# Can regular humans have similar/extra organs to a space marine?



## The Final Frontier (Oct 15, 2011)

This happened just yesterday when I was at my GW store, I was thinking of buying a centurian squad and making a captain/force commander with centurian armor. As I was browsing around like a little kid like we all do in there was a game going on. 

One guy was playing chaos SM and the other was playing IG with Augumentations. Now normally I'd be 'cool there's bound to be regiments of IG that been augmented with drugs, viruses or genetics' but then the IG player said his Shock Troopers? (IG elite troops) were augmented similar(NOT THE SAME AS A SM) to a SM like having an extra heart and other organs the SM have but far less efficient then the SM organs. This excluded the black carparse I believe although he didn't mention it. Of course am standing they'd like an idiot scratching my head 'whaa? I dont think that's possible Is it?'

I wasn't going to get in that situation. My question is the title lol.


----------



## Beaviz81 (Feb 24, 2012)

You can if you are a member of the Adeptus Mechanicus I guess.

Her should have called his troops Skitarii, and I must say you stumble over a lot of people with special interpretation of fluff.

What next? A hockey-themed Space Marine-chapter?


----------



## Loki1416 (Apr 20, 2010)

In the day and age of 40K, I can see extra organs put in standard humans. They are given chem mixes that make them go into a rage (like an Eversor assassin). Look at the Mechanicus. They augment their body to become more machine like. They don't start out as all advanced, but gradually work their way up. I can't say that I've read any where that extra organs were implanted, but I can't see why the technology is not there.
As for that guys IG army, if it's his fluff for his own army, I'm perfectly fine with that. However, if he is doing it and boosting the stats of his IG troopers, then that's a huge no go. So fluff wise, yes. Game effecting wise, no.

Edit: I would love to see a hockey themed army. Especially a Detroit Redwings one!


----------



## hailene (Aug 28, 2009)

Remember that the Primarchs, and by extension, the Space Marines, were made (supposedly) with the help of Chaos. I can imagine some of the crazier organs, like the Omophagea, are probably outside the realms of current 40k technology. 

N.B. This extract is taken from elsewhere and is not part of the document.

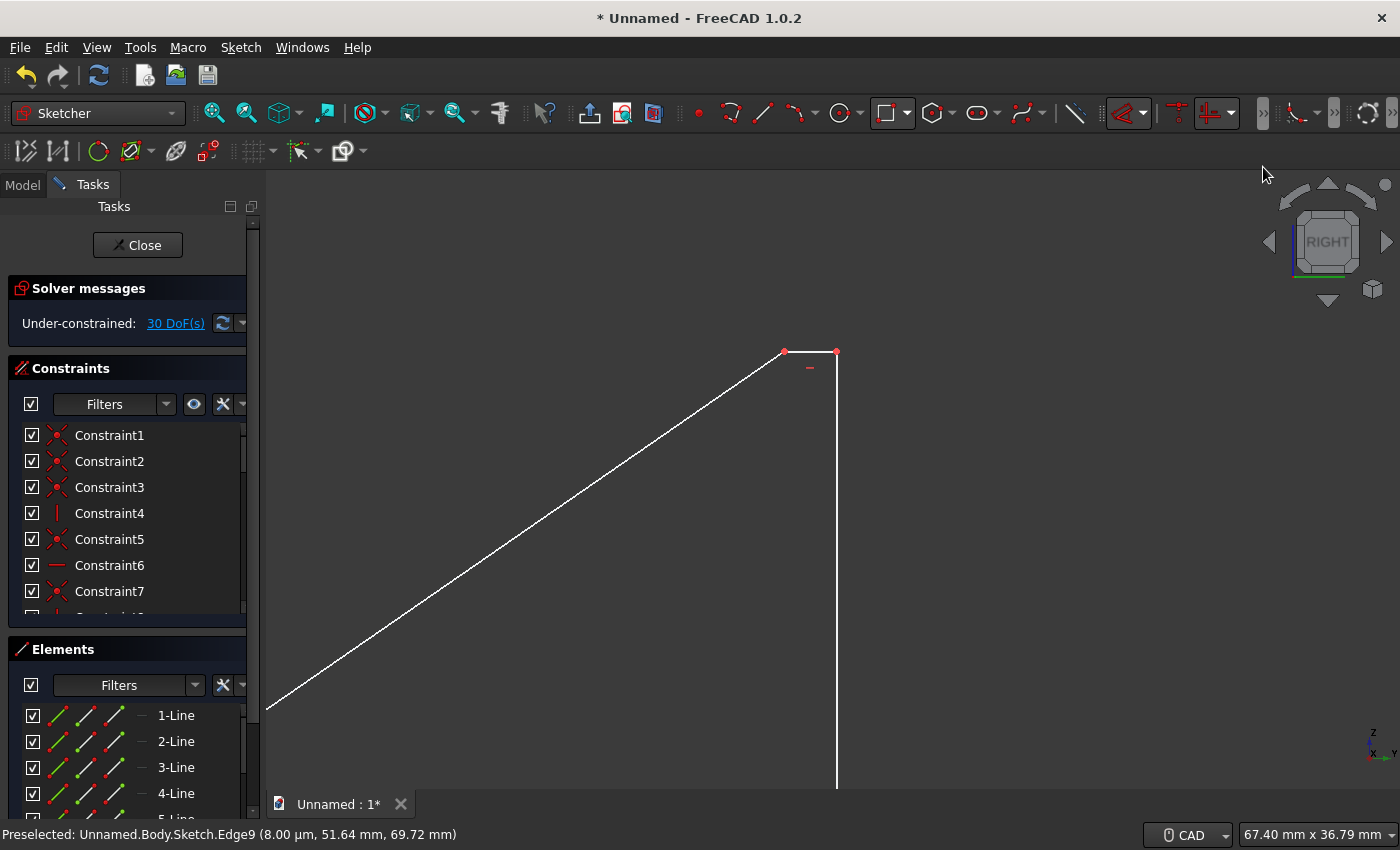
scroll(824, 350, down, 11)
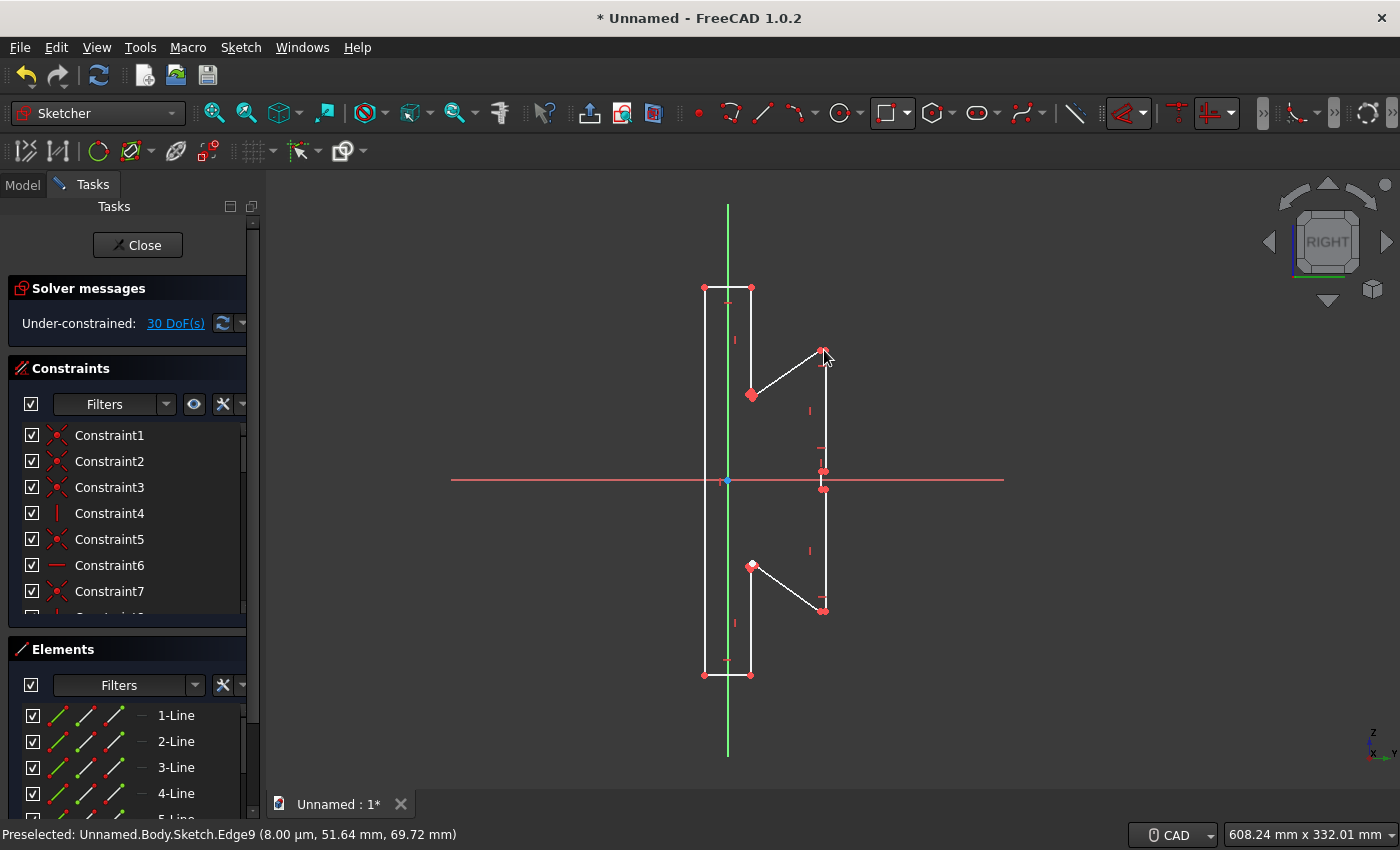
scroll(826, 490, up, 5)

Tossing in an extra heart or reinforcing their bones is definitely possible.


----------



## Beaviz81 (Feb 24, 2012)

hailene said:


> Remember that the Primarchs, and by extension, the Space Marines, were made (supposedly) with the help of Chaos.


Source?


----------



## gen.ahab (Dec 22, 2009)

Here's the thing: Space Marines, and their extra organs make no damn sense. At all. Considering this, I see no reason why a human couldn't have extra organs in the 40k universe.



Beaviz81 said:


> Source?


Pretty widely accepted fluff that's been stated on more than one occasion in the heresy books, and probably other places.

EDIT: Well, it's never been said by anyone on the imperial side or by a neutral party, but it's been hinted at with all the subtlety of a sledgehammer.


----------



## The Final Frontier (Oct 15, 2011)

I think he used inferior like organs that worked like the SM organs other then the black carparse. From a secondary heart, reinforced bones, Muscle growth, can enter hibernation for a time, learn by eating etc. I just can't grasp how humans can basically have the same organs as SM just in a far less efficient form. If they add this? Why in the hell is this not standard for all IG? Can't be that expensive compared to making warships that are hive cities with massive guns.

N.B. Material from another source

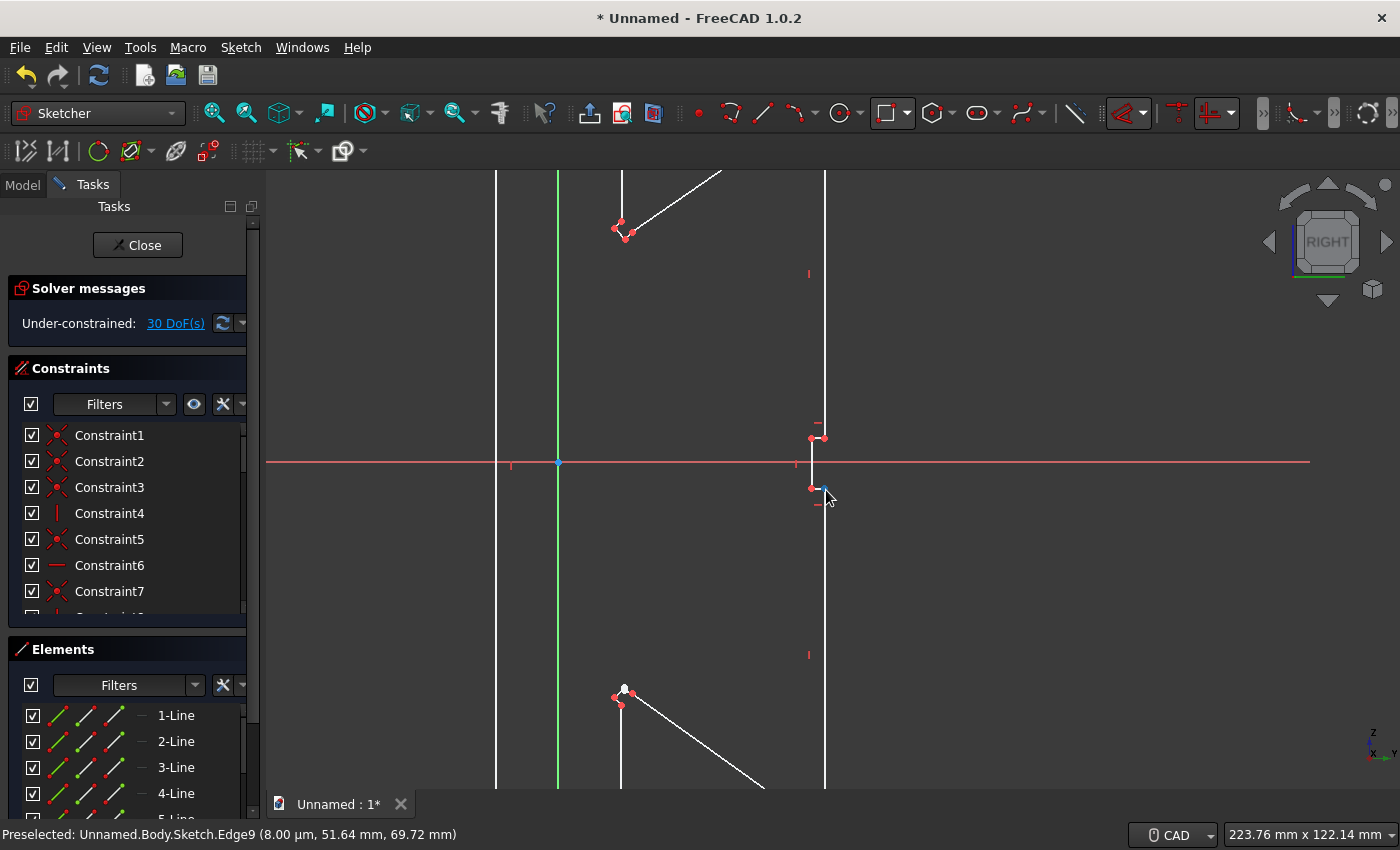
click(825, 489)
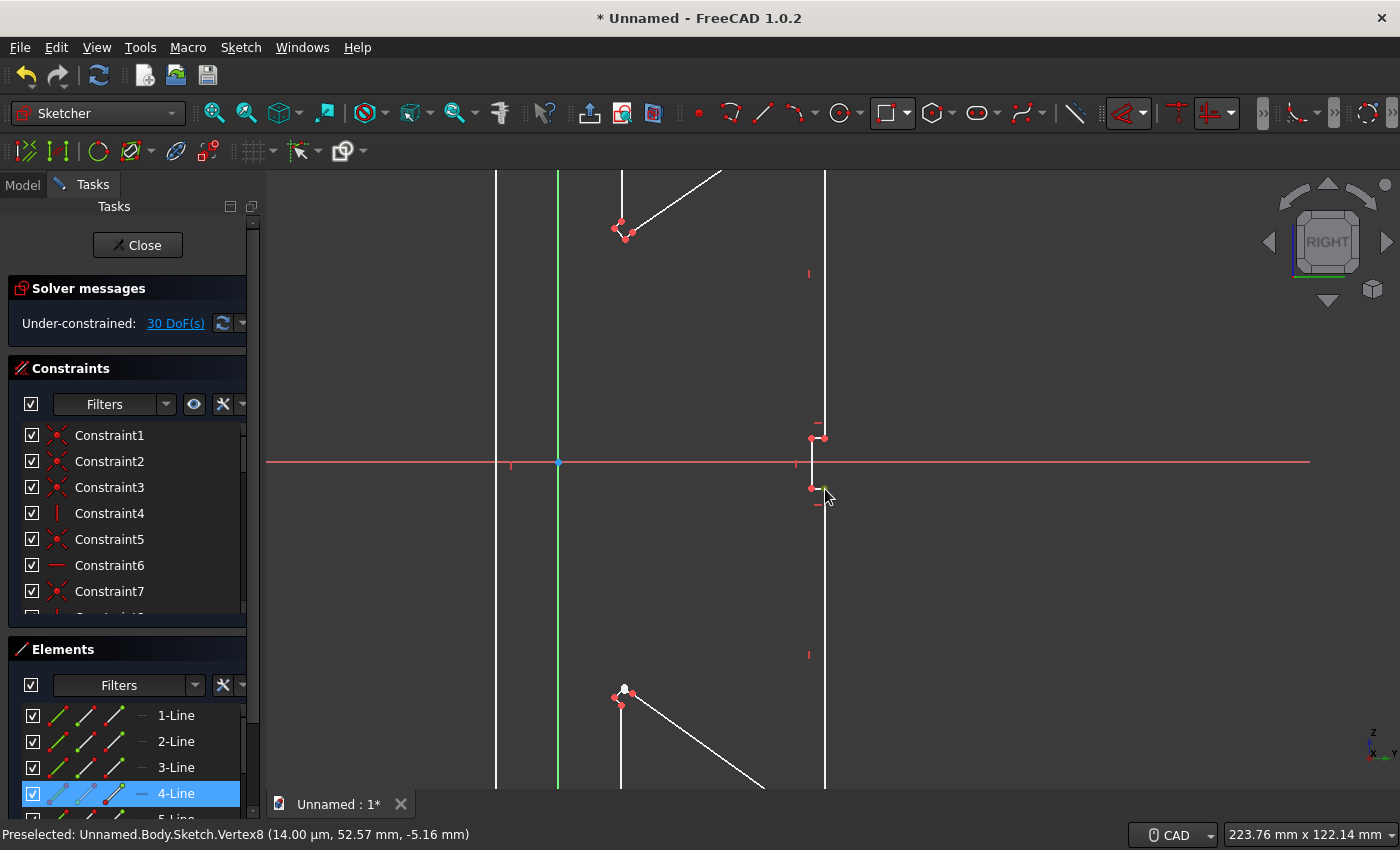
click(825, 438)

On a side, people at my GW Store love making interesting or in this site tongue, Hersey type armies from SM allied with the Tau(Seriously WTF) to Slannesh Deamonettes serving Knorne. Normally I don't think it's a big deal but some of those that come through that door, sometimes your jaw will just drop and go WTF?


----------



## gen.ahab (Dec 22, 2009)

The Final Frontier said:


> I think he used inferior like organs that worked like the SM organs other then the black carparse. From a secondary heart, reinforced bones, Muscle growth, can enter hibernation for a time, learn by eating etc. I just can't grasp how humans can basically have the same organs as SM just in a far less efficient form. If they add this? Why in the hell is this not standard for all IG? Can't be that expensive compared to making warships that are hive cities with massive guns.

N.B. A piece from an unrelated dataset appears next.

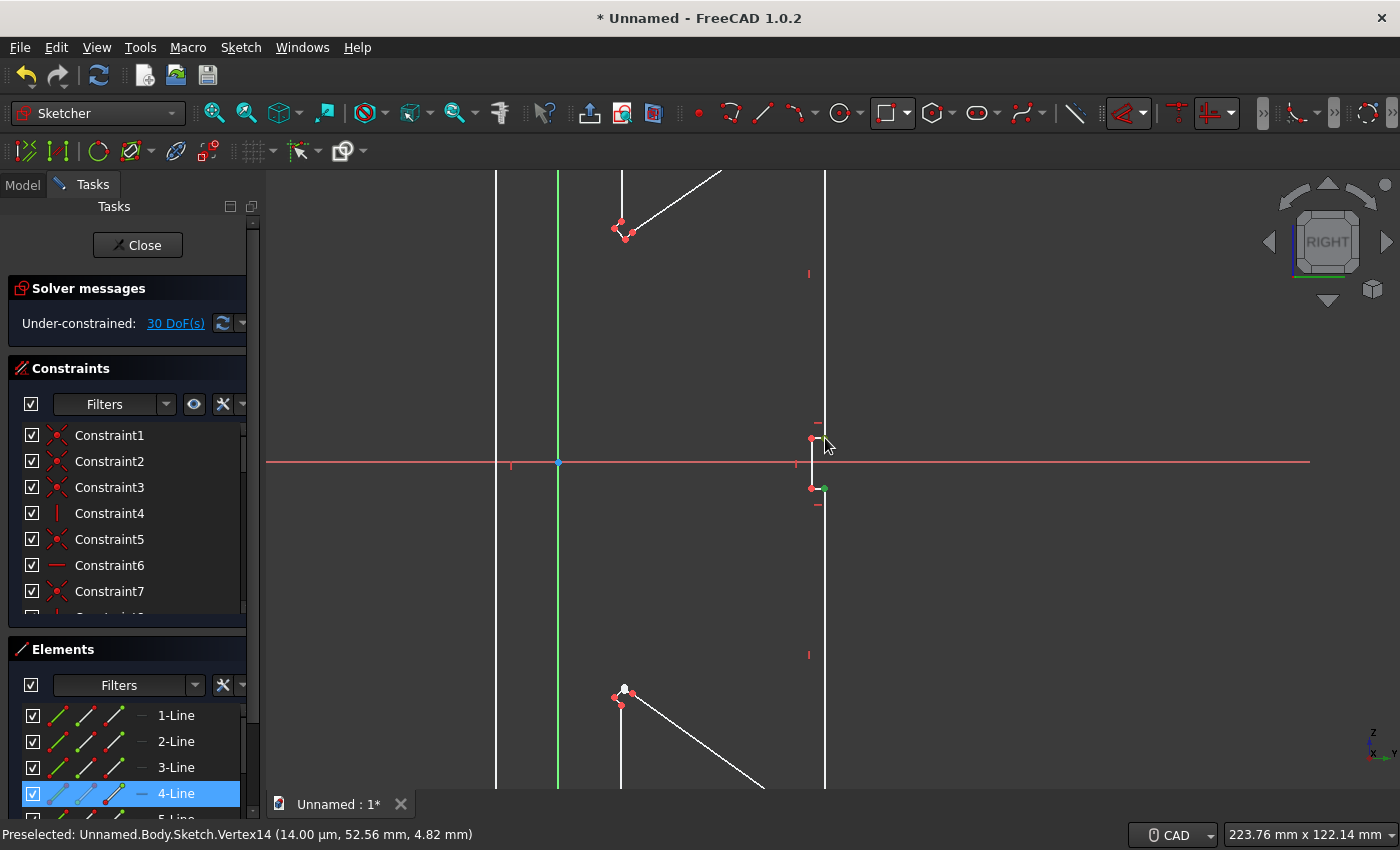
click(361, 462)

Ugh….. because most of those things are impossible? It's best not to put too much thought into why or how stuff works in 40k. 

Also, the explanation the dude provides, the less efficient thing? Yeah, that's called shitty story telling. Not much else to it.


----------



## Rems (Jun 20, 2011)

The Final Frontier said:


> I think he used inferior like organs that worked like the SM organs other then the black carparse. From a secondary heart, reinforced bones, Muscle growth, can enter hibernation for a time, learn by eating etc. I just can't grasp how humans can basically have the same organs as SM just in a far less efficient form. If they add this? Why in the hell is this not standard for all IG? Can't be that expensive compared to making warships that are hive cities with massive guns.



They can't be the same as the Astartes organs, those require gene-seed and the full implantation process. With Space Marines it's all or nothing. 

That said there are still plenty of other augmentations available to members of the Imperium, one thing Imperial science is pretty good at bio tech. So you have enhancing drug cocktails, juvant treatments, bionics, chemical manipulation etc. I could see implanted organs, mechanical or organic, being among these augmentations. They wouldn't however be the same as the Astarte's version, nor work as well. 

As to why its not stand its because of scale and logistics. There are billions, perhaps trillions of gaurdsmen. It's simply not possible to augment them all, or even a significant percentage. Remember the guard are recruited from a variety of techbases and the only standard piece of equipment is the lasgun. There would only be a limited number of worlds in the imperium capable of augmenting soldiers like this and its just not practical to ship eery regiment you raise across the galaxy to get augmented. It's more cost effective for the Imperium to raise x-billion soldiers and hurl them into the meat grinder.


----------



## Malus Darkblade (Jan 8, 2010)

gen.ahab said:


> Here's the thing: Space Marines, and their extra organs make no damn sense. At all. Considering this, I see no reason why a human couldn't have extra organs in the 40k universe.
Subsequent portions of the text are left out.